With or without that change, W will revolutionize the notion of a single source of comprehensive knowledge in the Internet era. And it will do that in dialogical fashion, which is of course the source of all worthwhile knowledge except for individual expression and autobiography. The recognition that everyone is to some degree an expert in something and that that expertise can be of value to others is one of the implicit glories of the Internet.
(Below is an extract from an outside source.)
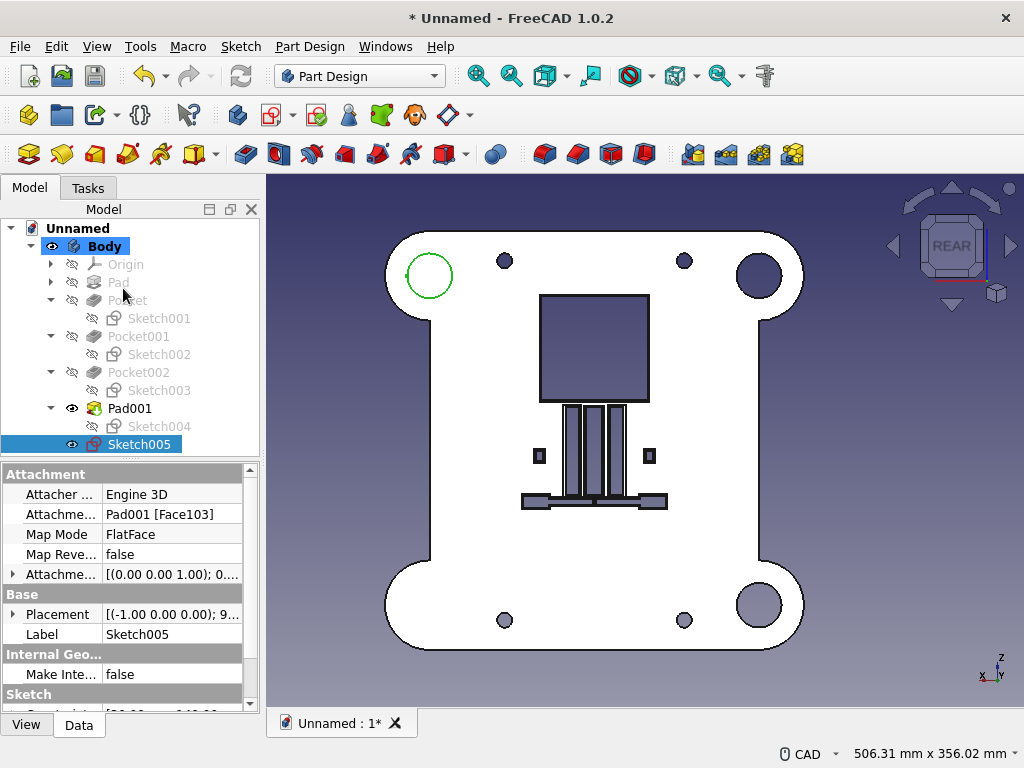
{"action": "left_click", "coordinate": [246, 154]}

  One Response to “Keen Review/Riff V: Wicked, Wicked Wikipedia”

  1. There are problems with Wikipedia governance see: http://blog.p2pfoundation.net/wikipedia-governance-the-power-of-admins/2008/02/06 – and this is very far from the trolling tactics of Mr Keen. In short this has the same basis as the ‘problem of scholary infighting’ but in a very different social context, with different culture and different technical means. What is most worrying is that it attracts people who treat it as a kind of game and let those people to advance up the ladder of wikipedia admins, generating a very self enforcing social dynamics.